Open Position: Data scientist for generative AI research
SolidLines Tech Services is a company focused on developing appropriate technology to improve living conditions in developing countries. Our clients include NGOs, higher education institutions, and Ministries of Health from various countries in Africa, Asia, and Latin America. We specialize in the implementation of large-scale information systems, data analytic platforms, generative AI, chatbots, and machine learning.

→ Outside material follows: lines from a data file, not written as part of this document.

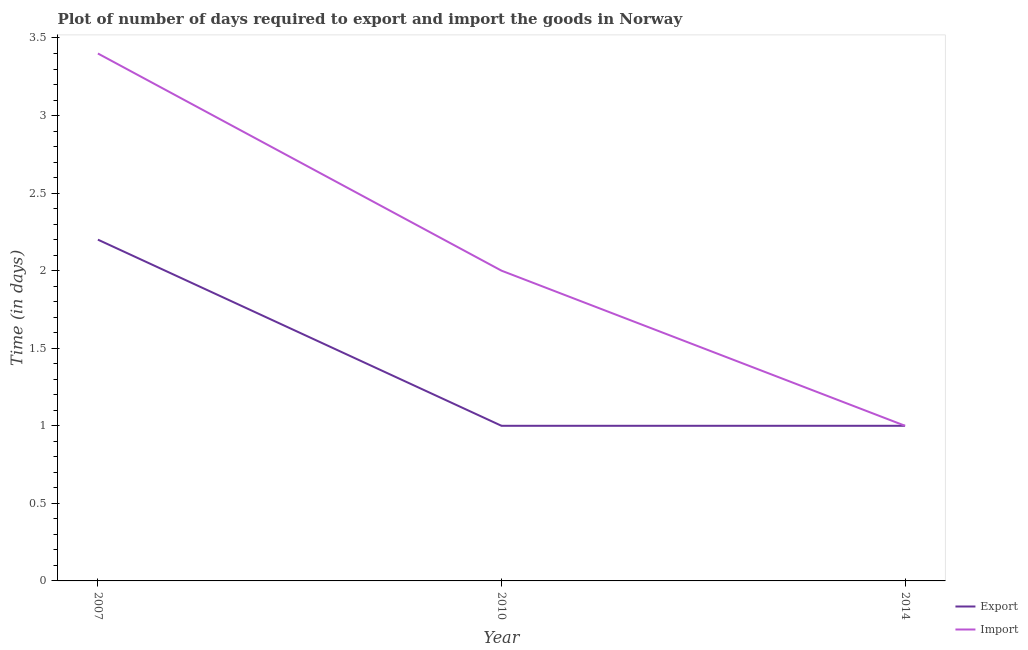How many different coloured lines are there?
Make the answer very short. 2. Does the line corresponding to time required to import intersect with the line corresponding to time required to export?
Your answer should be very brief. Yes. Is the number of lines equal to the number of legend labels?
Provide a short and direct response. Yes. In which year was the time required to import maximum?
Provide a succinct answer. 2007. In which year was the time required to import minimum?
Keep it short and to the point. 2014. What is the total time required to import in the graph?
Your answer should be compact. 6.4. What is the difference between the time required to export in 2014 and the time required to import in 2010?
Provide a short and direct response. -1. What is the average time required to import per year?
Provide a succinct answer. 2.13. In the year 2007, what is the difference between the time required to import and time required to export?
Give a very brief answer. 1.2. In how many years, is the time required to export greater than 1.6 days?
Provide a succinct answer. 1. What is the ratio of the time required to import in 2007 to that in 2010?
Offer a very short reply. 1.7. Is the difference between the time required to import in 2007 and 2010 greater than the difference between the time required to export in 2007 and 2010?
Your answer should be very brief. Yes. What is the difference between the highest and the second highest time required to import?
Your answer should be compact. 1.4. What is the difference between the highest and the lowest time required to import?
Ensure brevity in your answer.  2.4. Is the time required to export strictly greater than the time required to import over the years?
Your answer should be compact. No. What is the difference between two consecutive major ticks on the Y-axis?
Your answer should be compact. 0.5. Are the values on the major ticks of Y-axis written in scientific E-notation?
Your response must be concise. No. Does the graph contain grids?
Give a very brief answer. No. How many legend labels are there?
Keep it short and to the point. 2. How are the legend labels stacked?
Your response must be concise. Vertical. What is the title of the graph?
Your response must be concise. Plot of number of days required to export and import the goods in Norway. What is the label or title of the Y-axis?
Ensure brevity in your answer.  Time (in days). What is the Time (in days) in Import in 2007?
Keep it short and to the point. 3.4. What is the Time (in days) of Export in 2010?
Provide a succinct answer. 1. What is the Time (in days) of Export in 2014?
Make the answer very short. 1. Across all years, what is the maximum Time (in days) of Import?
Offer a terse response. 3.4. Across all years, what is the minimum Time (in days) in Import?
Offer a terse response. 1. What is the total Time (in days) of Export in the graph?
Your response must be concise. 4.2. What is the total Time (in days) of Import in the graph?
Keep it short and to the point. 6.4. What is the difference between the Time (in days) in Export in 2007 and that in 2010?
Provide a short and direct response. 1.2. What is the difference between the Time (in days) of Import in 2007 and that in 2010?
Offer a very short reply. 1.4. What is the difference between the Time (in days) in Export in 2007 and that in 2014?
Your response must be concise. 1.2. What is the difference between the Time (in days) of Import in 2007 and that in 2014?
Make the answer very short. 2.4. What is the difference between the Time (in days) of Export in 2010 and that in 2014?
Keep it short and to the point. 0. What is the difference between the Time (in days) of Import in 2010 and that in 2014?
Provide a succinct answer. 1. What is the average Time (in days) of Export per year?
Make the answer very short. 1.4. What is the average Time (in days) of Import per year?
Your answer should be very brief. 2.13. In the year 2014, what is the difference between the Time (in days) of Export and Time (in days) of Import?
Your response must be concise. 0. What is the ratio of the Time (in days) in Export in 2007 to that in 2010?
Offer a terse response. 2.2. What is the ratio of the Time (in days) in Import in 2007 to that in 2010?
Keep it short and to the point. 1.7. What is the ratio of the Time (in days) of Import in 2010 to that in 2014?
Your answer should be very brief. 2. What is the difference between the highest and the second highest Time (in days) of Export?
Give a very brief answer. 1.2. What is the difference between the highest and the second highest Time (in days) of Import?
Your answer should be compact. 1.4. What is the difference between the highest and the lowest Time (in days) in Import?
Keep it short and to the point. 2.4. 
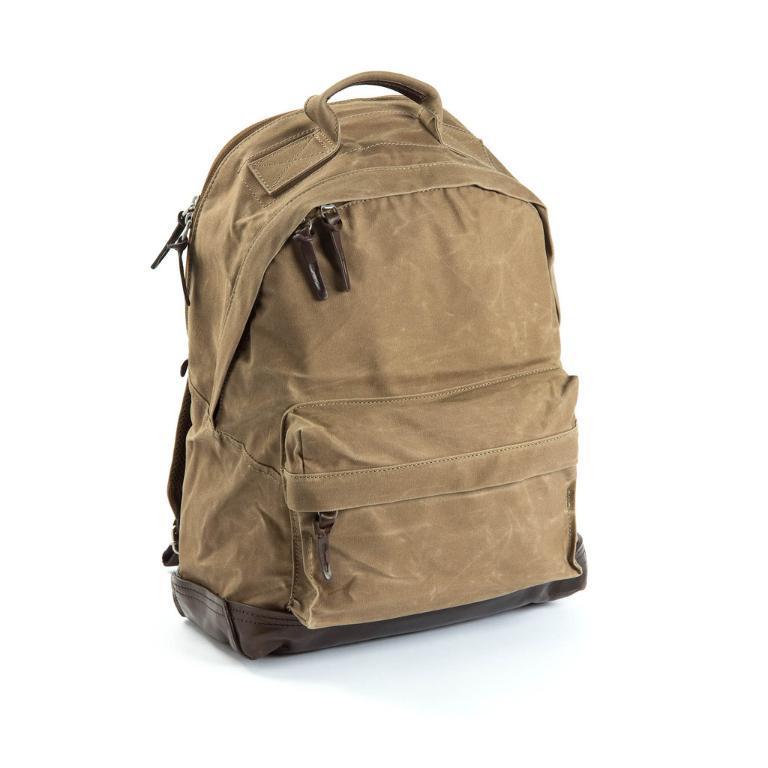In one or two sentences, can you explain what this image depicts? This is the picture of a brown bag. Background of this bag is in white color. 
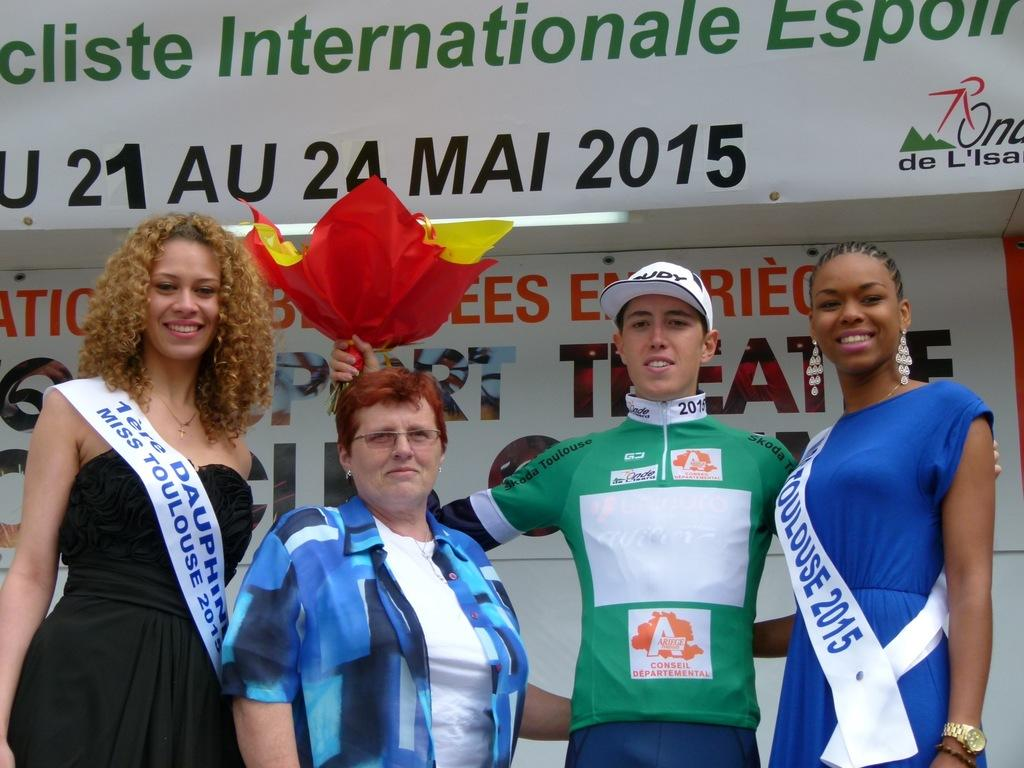<image>
Give a short and clear explanation of the subsequent image. Miss Toulouse 2015 poses with various people in front of a banner. 
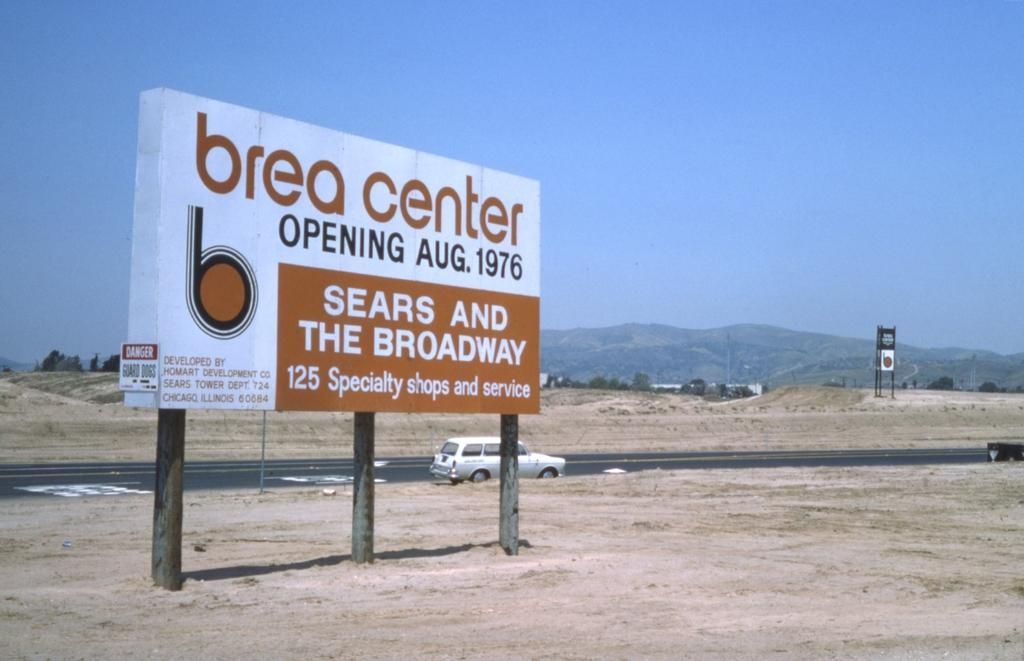<image>
Write a terse but informative summary of the picture. a brea center sign that is on the sand 
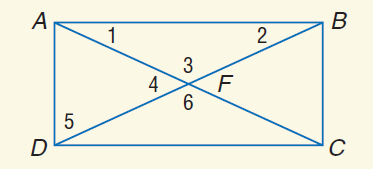Answer the mathemtical geometry problem and directly provide the correct option letter.
Question: A B C D is a rectangle. If A C = 9 x - 1 and A F = 2 x + 7, find A F.
Choices: A: 3 B: 6 C: 13 D: 26 C 
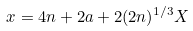Convert formula to latex. <formula><loc_0><loc_0><loc_500><loc_500>x = 4 n + 2 a + 2 ( 2 n ) ^ { 1 / 3 } X</formula> 
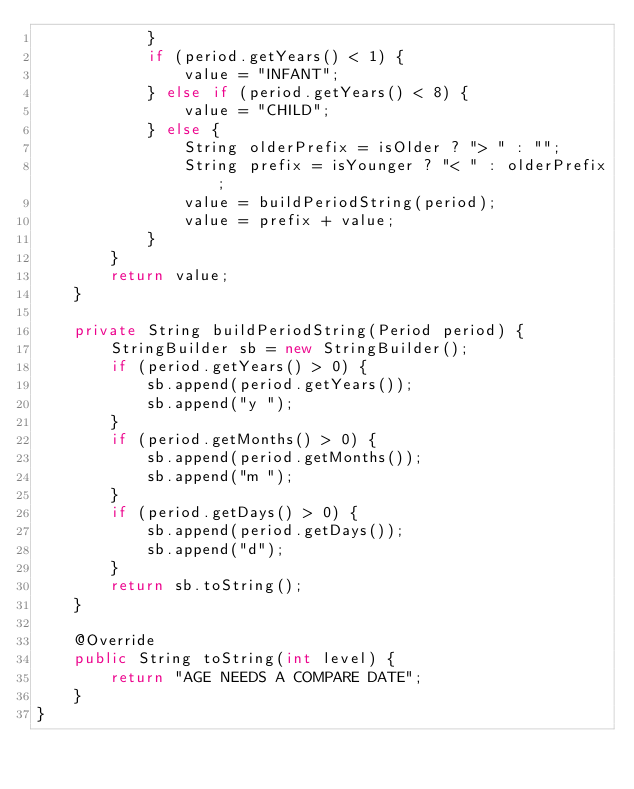<code> <loc_0><loc_0><loc_500><loc_500><_Java_>            }
            if (period.getYears() < 1) {
                value = "INFANT";
            } else if (period.getYears() < 8) {
                value = "CHILD";
            } else {
                String olderPrefix = isOlder ? "> " : "";
                String prefix = isYounger ? "< " : olderPrefix;
                value = buildPeriodString(period);
                value = prefix + value;
            }
        }
        return value;
    }

    private String buildPeriodString(Period period) {
        StringBuilder sb = new StringBuilder();
        if (period.getYears() > 0) {
            sb.append(period.getYears());
            sb.append("y ");
        }
        if (period.getMonths() > 0) {
            sb.append(period.getMonths());
            sb.append("m ");
        }
        if (period.getDays() > 0) {
            sb.append(period.getDays());
            sb.append("d");
        }
        return sb.toString();
    }

    @Override
    public String toString(int level) {
        return "AGE NEEDS A COMPARE DATE";
    }
}
</code> 
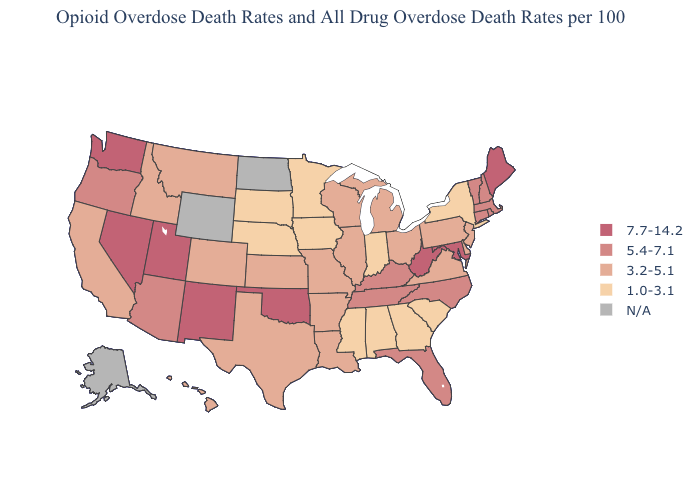Is the legend a continuous bar?
Give a very brief answer. No. Among the states that border New Jersey , which have the highest value?
Answer briefly. Delaware, Pennsylvania. What is the value of Florida?
Be succinct. 5.4-7.1. What is the highest value in the USA?
Concise answer only. 7.7-14.2. Which states have the highest value in the USA?
Write a very short answer. Maine, Maryland, Nevada, New Mexico, Oklahoma, Utah, Washington, West Virginia. What is the value of California?
Short answer required. 3.2-5.1. Which states have the lowest value in the Northeast?
Concise answer only. New York. What is the highest value in the Northeast ?
Be succinct. 7.7-14.2. Which states have the lowest value in the USA?
Short answer required. Alabama, Georgia, Indiana, Iowa, Minnesota, Mississippi, Nebraska, New York, South Carolina, South Dakota. What is the value of West Virginia?
Answer briefly. 7.7-14.2. Among the states that border North Carolina , does Georgia have the highest value?
Concise answer only. No. What is the lowest value in the USA?
Short answer required. 1.0-3.1. Name the states that have a value in the range 3.2-5.1?
Quick response, please. Arkansas, California, Colorado, Delaware, Hawaii, Idaho, Illinois, Kansas, Louisiana, Michigan, Missouri, Montana, New Jersey, Ohio, Pennsylvania, Texas, Virginia, Wisconsin. Name the states that have a value in the range 5.4-7.1?
Short answer required. Arizona, Connecticut, Florida, Kentucky, Massachusetts, New Hampshire, North Carolina, Oregon, Rhode Island, Tennessee, Vermont. Name the states that have a value in the range 3.2-5.1?
Be succinct. Arkansas, California, Colorado, Delaware, Hawaii, Idaho, Illinois, Kansas, Louisiana, Michigan, Missouri, Montana, New Jersey, Ohio, Pennsylvania, Texas, Virginia, Wisconsin. 
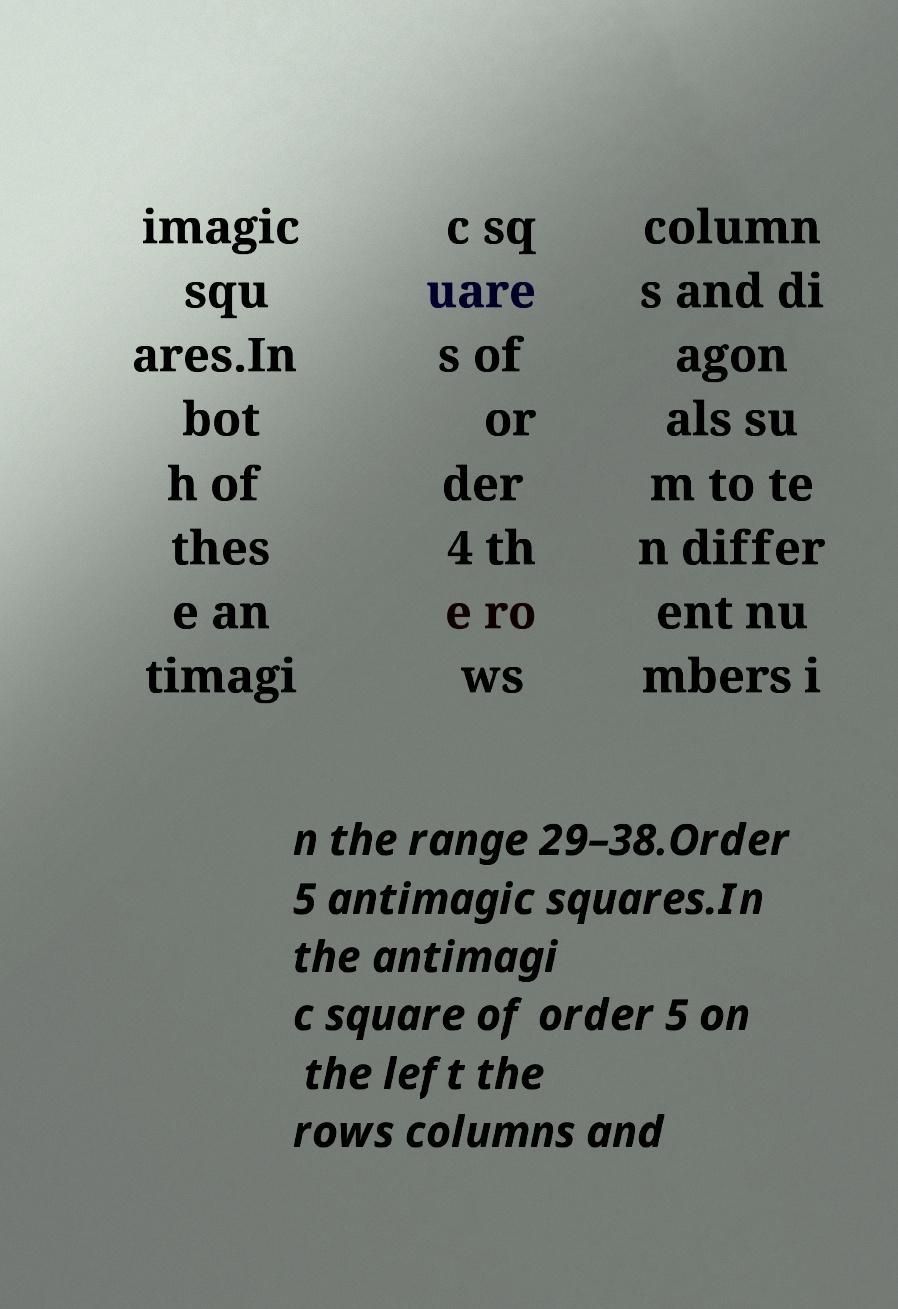Can you read and provide the text displayed in the image?This photo seems to have some interesting text. Can you extract and type it out for me? imagic squ ares.In bot h of thes e an timagi c sq uare s of or der 4 th e ro ws column s and di agon als su m to te n differ ent nu mbers i n the range 29–38.Order 5 antimagic squares.In the antimagi c square of order 5 on the left the rows columns and

This position comes from the collaboration between SolidLines and Girl Effect, which is an international NGO that relies on technology to connect girls to the resources and support they need to overcome barriers, and unleash their full potential.
SolidLines and Girl Effect are collaborating in the research and development of a conversational chatbot based on generative AI. This conversational chatbot will be based on the current GE chatbots tailored for young girls in developing countries, embodying the persona of a caring big sister (like Big Sis). The first prototype of this chatbot is based on Retrieval Augmented Generation (RAG). Next iterations of the chatbot will include more functionalities on Social Behaviour Change Communication (SBCC) to enhance the user experience and maximize the chatbot’s possessive impact in young users’ health lives. These functionalities will require the research, implementation and testing of sophisticated techniques in Natural Language Processing (NLP) and Large Language Models (LLM).
Our goal is to explore and apply the state-of-the-art of genAI models to create a safe, informative, and engaging solution for girls in South Africa, India and Kenya. To do so, we will combine the technical expertise of the SolidLines team with the applied knowledge of Girl Effect. The team that is working on this project includes several profiles, like data scientists, data analysts, ML engineers, content writers, software engineers, etc.. In this context, SolidLines is looking for an additional data scientist with a strong background in Python programming and software development to support the research, testing, and implementation of new upgrades in the chatbot.
Responsibilities
In collaboration with the ML and QA team, the data scientist will respond to the following responsibilities:
- Supporting the ML team in evaluating and testing genAI models and LLM application configurations for the different research objectives proposed. This work shall include RAG parameter tuning, embeddings, and fine-tuning of state-of-the-art LLMs among other generative AI techniques.
- Conducting comprehensive data exploration and analysis of textual data, applying statistical methods to summarize these datasets and defining data-driven workplans for next stages of the project.
- Supporting the QA team in performing detailed and replicable tests that guarantee the relevance of experimental findings.
- Provide technical advice and participate in discussions about the AI software architecture when needed.
- Documenting the experiments and results based on the team guidelines. Both the approaches, tuning, and results should be thoroughly documented for clear communication with the GE team to support decision-making.
- Communicating experiments, results, and key findings and decisions to stakeholders and other members of both the SolidLines and GirlEffect teams, including both technical to strategical discussions.
- Collaborating in the implementation of these solutions together with the dev team, to release new versions of the chatbot according to the client’s requirements.
Requirements
- Master’s degree or higher in a technical field like Computer Science, Data Science, Mathematics, Statistics, Machine Learning or Engineering.
- 5 years+ developing ML, data science models with Python or related programming: data exploration, supervised learning, and clustering.
- Software engineering experience in ML projects
- Deep knowledge of the Python ecosystem for AI/DS including packages like pandas, numpy, scipy, scikit-learn, pytorch, tensorflow, huggingface transformers, etc.
- Understanding and communicating in English is essential for this role.
- The ideal candidate should be proactive, detail-oriented, and demonstrate the ability to work independently while also excelling as a collaborative team member.
- Strong analytical and problem-solving skills, with the ability to analyze large datasets, extract insights, and translate these into actionable strategies.
- Excellent communication and collaboration skills, with the ability to work effectively in a multidisciplinary team and communicate complex data insights to non-technical stakeholders.
- Excellent organisation and project management skills; able to develop and drive research processes and timelines.
Desirable
- R&D experience.
- Prior experience in NLP, LLMs, deep learning and GenAI packages (Langchain, LlamaIndex, etc.).
- Experience in the social sector, strong interest on the use of technology for development and social change
Conditions
- Starting date: January/February 2025
- 100% remote work
- Open to discuss part time positions as well.